In the first quarter, Large Cap Growth stocks posted an average earnings surprise of 31.2%, and since the analyst community have revised their average annual earnings estimate 17.8% higher in past three months, I am expecting another round of big earnings surprises.
I am often asked about what can go wrong to derail the stock market. The Biden Administration will likely have to comment on the Defense Department’s UFO report in June on the “tic tac” vessels that have been tormenting the Navy. Frankly, I am surprised that Hollywood has not made a move about these UFOs, but maybe that will happen next year. An extraneous event, like shocking UFO news, a major West Coast earthquake or the Yellowstone volcano erupting are about all that I can foresee that could potential derail the stock market in the upcoming months amidst a robust global economic recovery.
Tax Reforms
The Biden Administration is now fighting the Democratic Party over proposed tax changes (e.g., the SALT deduction), military aid to Israel, the border chaos, infrastructure spending, so the honeymoon is over because the infighting in Washington D.C. is escalating. As a result, I do not expect any significant tax reform until early 2022, if at all. West Virginia Senator Joe Manchin remains the most powerful person in Washington D.C., since he represents the swing vote on any tax reform.

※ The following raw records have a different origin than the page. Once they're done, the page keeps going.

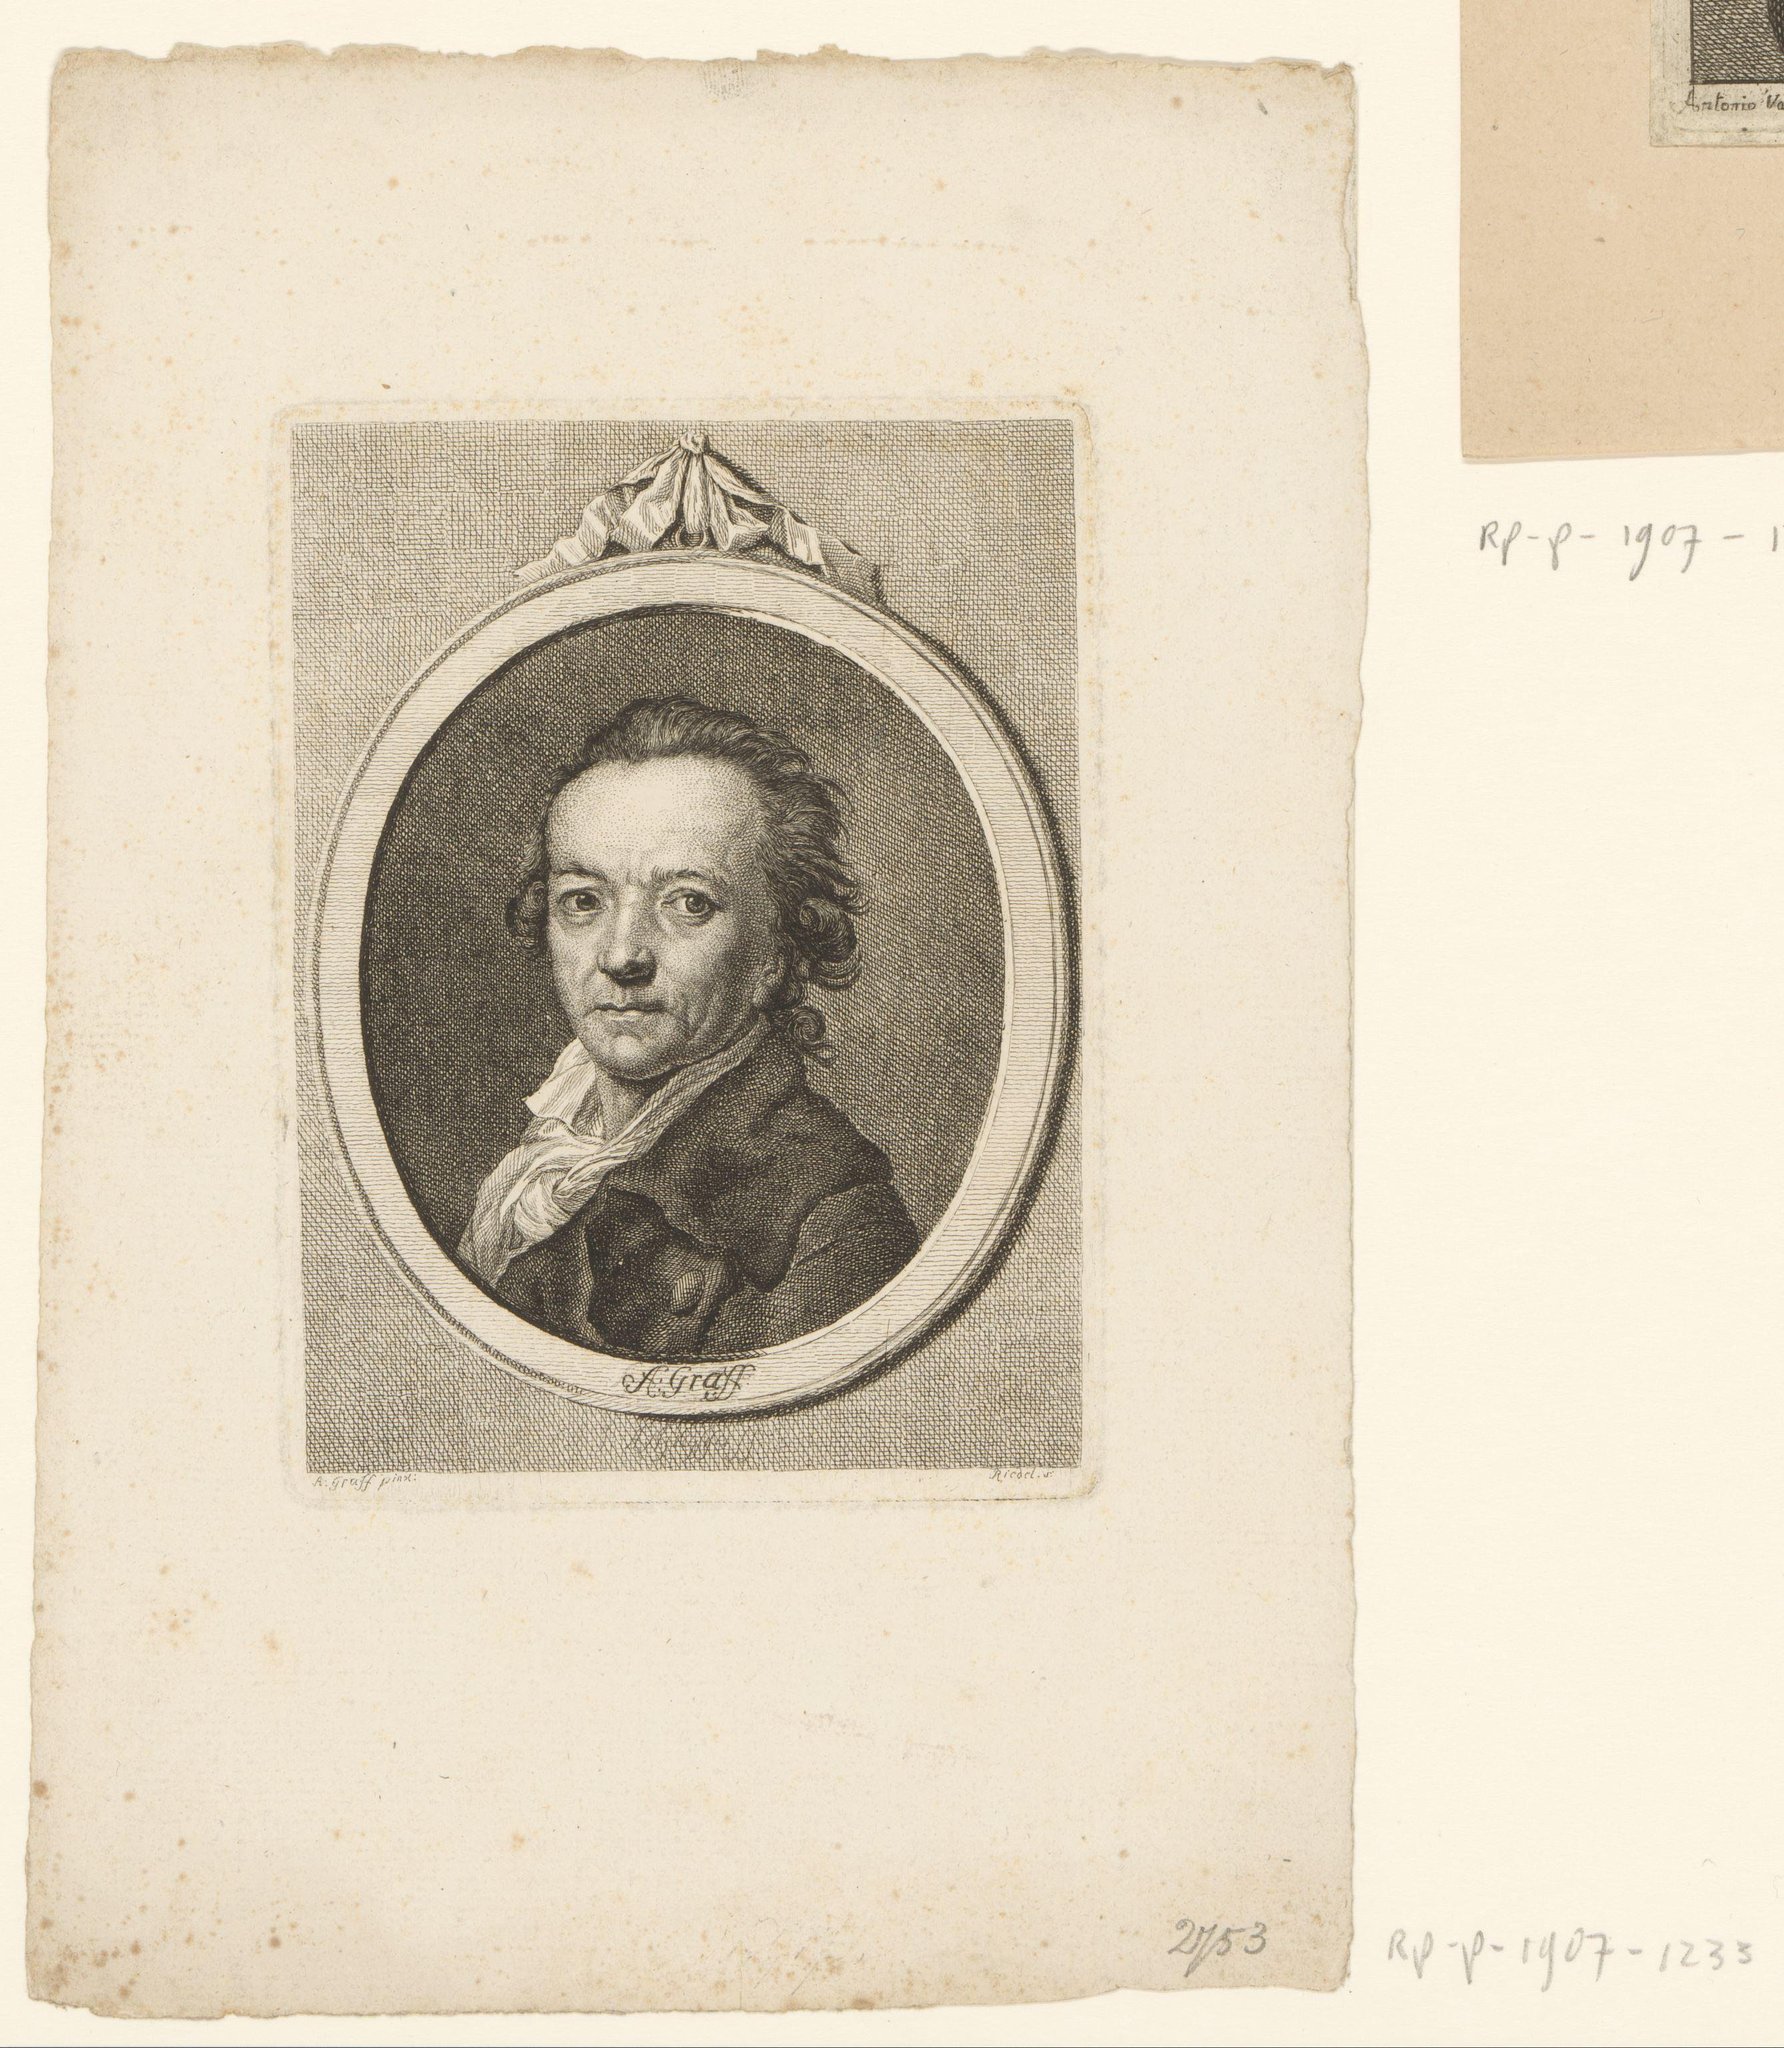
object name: print
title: Portret van Anton Graff
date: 1746-1816
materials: paper
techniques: etching
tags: painter, print maker, anton graff, historical persons, portrait, self-portrait of painter
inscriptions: collector's mark: Lugt 2228

Why has the institutional buying pressure fizzled for some stocks? In the case of Chipotle Mexican Grill, the institutional buying pressure could have ebbed due an acute labor shortage (of low paid workers) and/or the growing chicken shortage (the roosters are less productive according to Tyson Foods). Regardless, of what caused institutional buying pressure to ebb, I do not want to argue with the institutional herds, so I strongly recommend selling good stocks to buy better stocks with higher quantitative grades and more persistent institutional buying pressure.
Speaking of arguing, you might have noticed that ARK Investment’s Cathie Wood has been aggressively defending Coinbase, cryptocurrency investing and setting wild price targets for Tesla and Bitcoin. This against the backdrop of China banning financial institutions and payment companies from facilitating transactions in Bitcoin and other cryptocurrencies. Finally, setting a price target for Tesla is just a wild guess, especially in light of the company’s problem with April sales disappointments in China and Europe as well as the fact that Stellantis declared it will no longer buy carbon tax credits from Tesla, which have accounted for virtually all of Tesla’s earnings for the past several quarters.
In general, don’t argue with institutional analysts, news media and other catalysts that trigger institutional buying pressure. The stock market is really a manic crowd and we do not want to be stampeded by institutional investors that follow the analyst community and new media.